I know how to write a song, play in a band, record, mix, master, album artwork and website design but when it comes to promotion I'm at a loss. I used to pound the pavement and poster the town but apparently a 2% return on postering is a "good" result. 

I'm curious to know what everyone does to promote their band and shows.


----------



## Guest (Jun 3, 2010)

I read and follow Jeri Goldstein. She's got lots of great tips for promotion, tour management and general career building: Booking & Touring Strategies-Book More Gigs,Performingbiz

How to Be Your Own Booking Agent is a good read.


----------



## hardasmum (Apr 23, 2008)

Great link. Cheers!


----------



## WEEZY (May 23, 2008)

That is a great link! 

When I got started, I was clueless as well. I learned a few things over the years though. 

First, unless you're doing a tribute band or supporting a well-known band, DO NOT waste your money on postering. Nobody has heard of you and it will be 100% ignored. If it's a tribute act - POSTER like you've never POSTERED before. It will bring out hundreds of people who are fans of the band being paid tribute to. 

Get a website - not a myspace. Make a hand-stamp with your website address on it and make the door-person stamp everyone's hand with it as they pay.

Get your music on local radio - it's easier than you think. Get into festivals - you might not get paid, but there will be a lot of people exposed to your music. One festival show is better than dozens of shows in an empty club.

Use your connections: do your parents or friends know someone that might be able to help you out?
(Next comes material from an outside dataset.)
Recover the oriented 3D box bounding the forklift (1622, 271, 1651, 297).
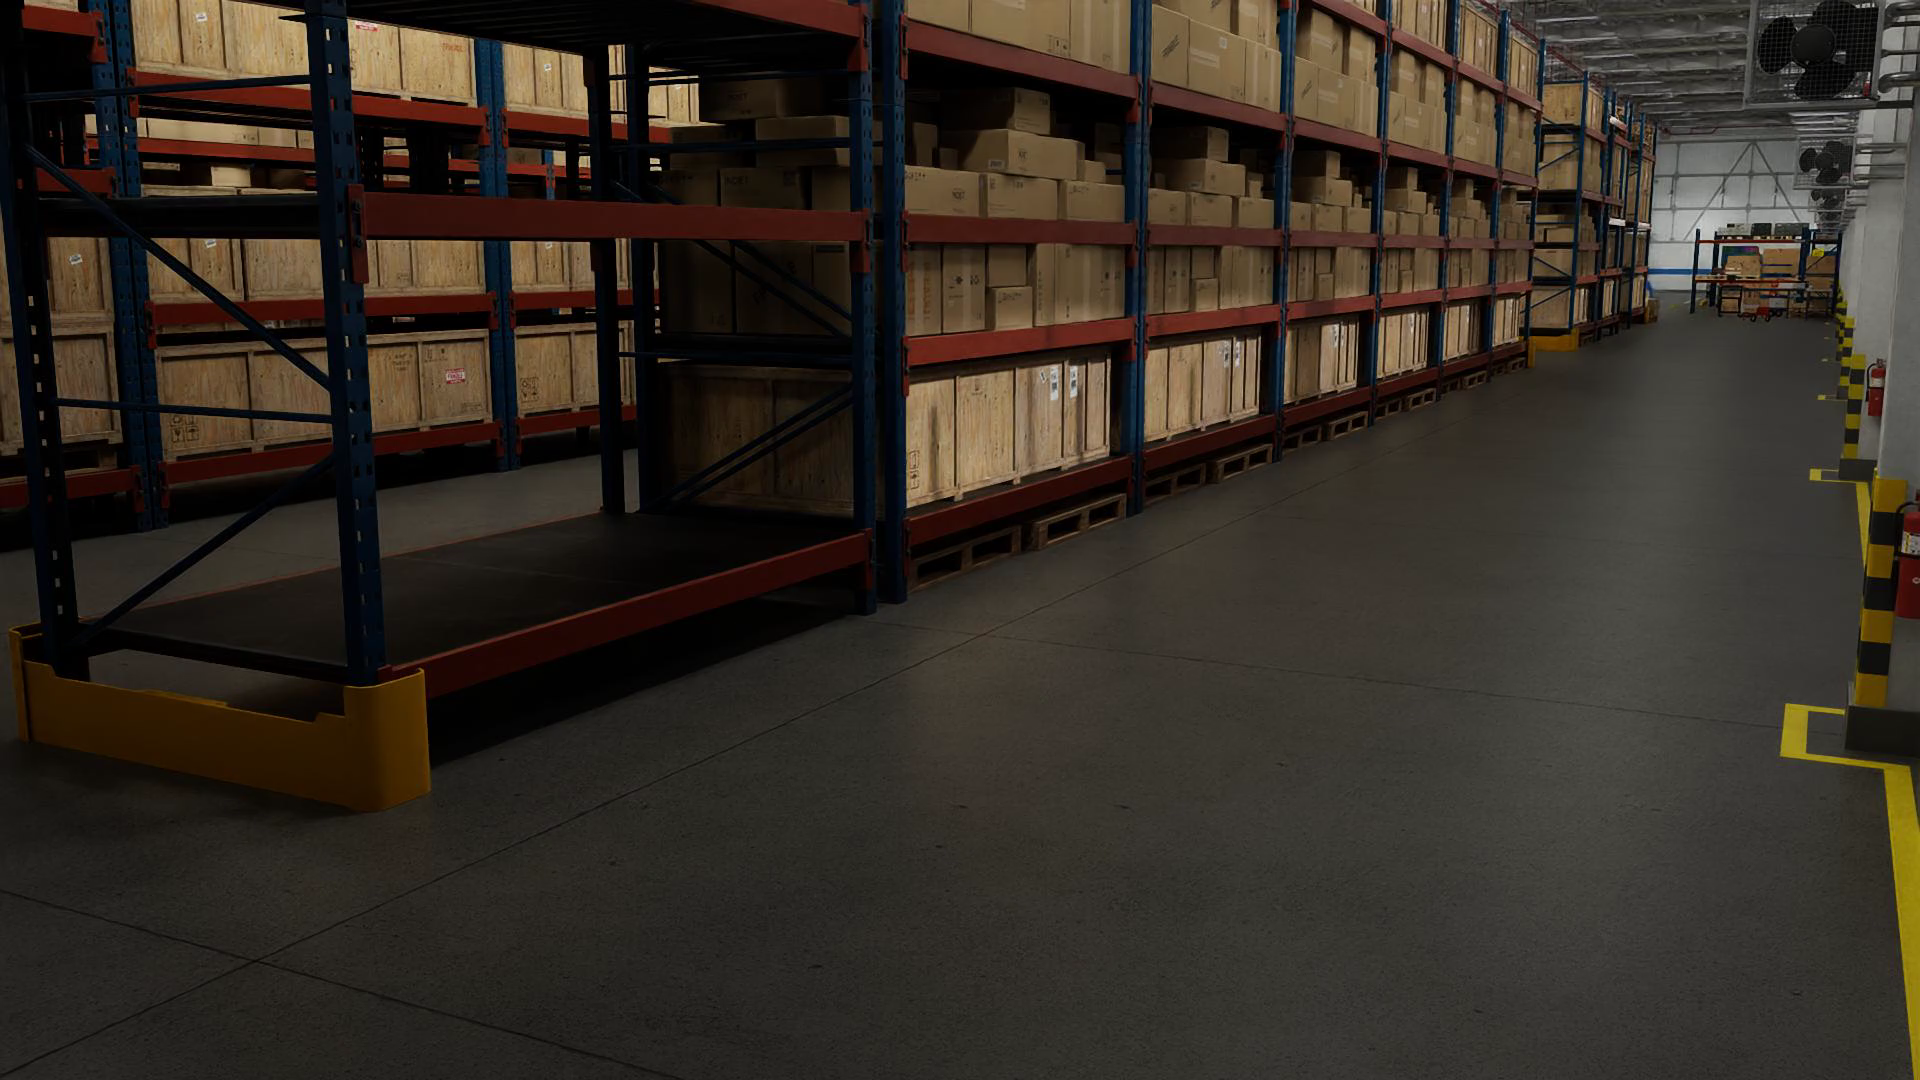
[{"bbox_3d":[25.439,-10.233,63.591,1.873,2.768,1.129,5,11,27],"label":"forklift"}]

Practice a lot, be good, don't suck. Look good, get professional photos taken, don't put out half-baked promo.


----------



## geezer (Apr 30, 2008)

It might not be practical in your situation but we used to do mini tours in lots of small towns ,by renting halls and putting up posters.It seemed like every kid in town showed up because we were the only thing there was to do.


----------



## Milkman (Feb 2, 2006)

Facebook helps. Posters in key places do have an impact. I also have an e-mail mailing list of fans anfd friends. That works fine for local shows. If you're touring you need other people promoting for you.


----------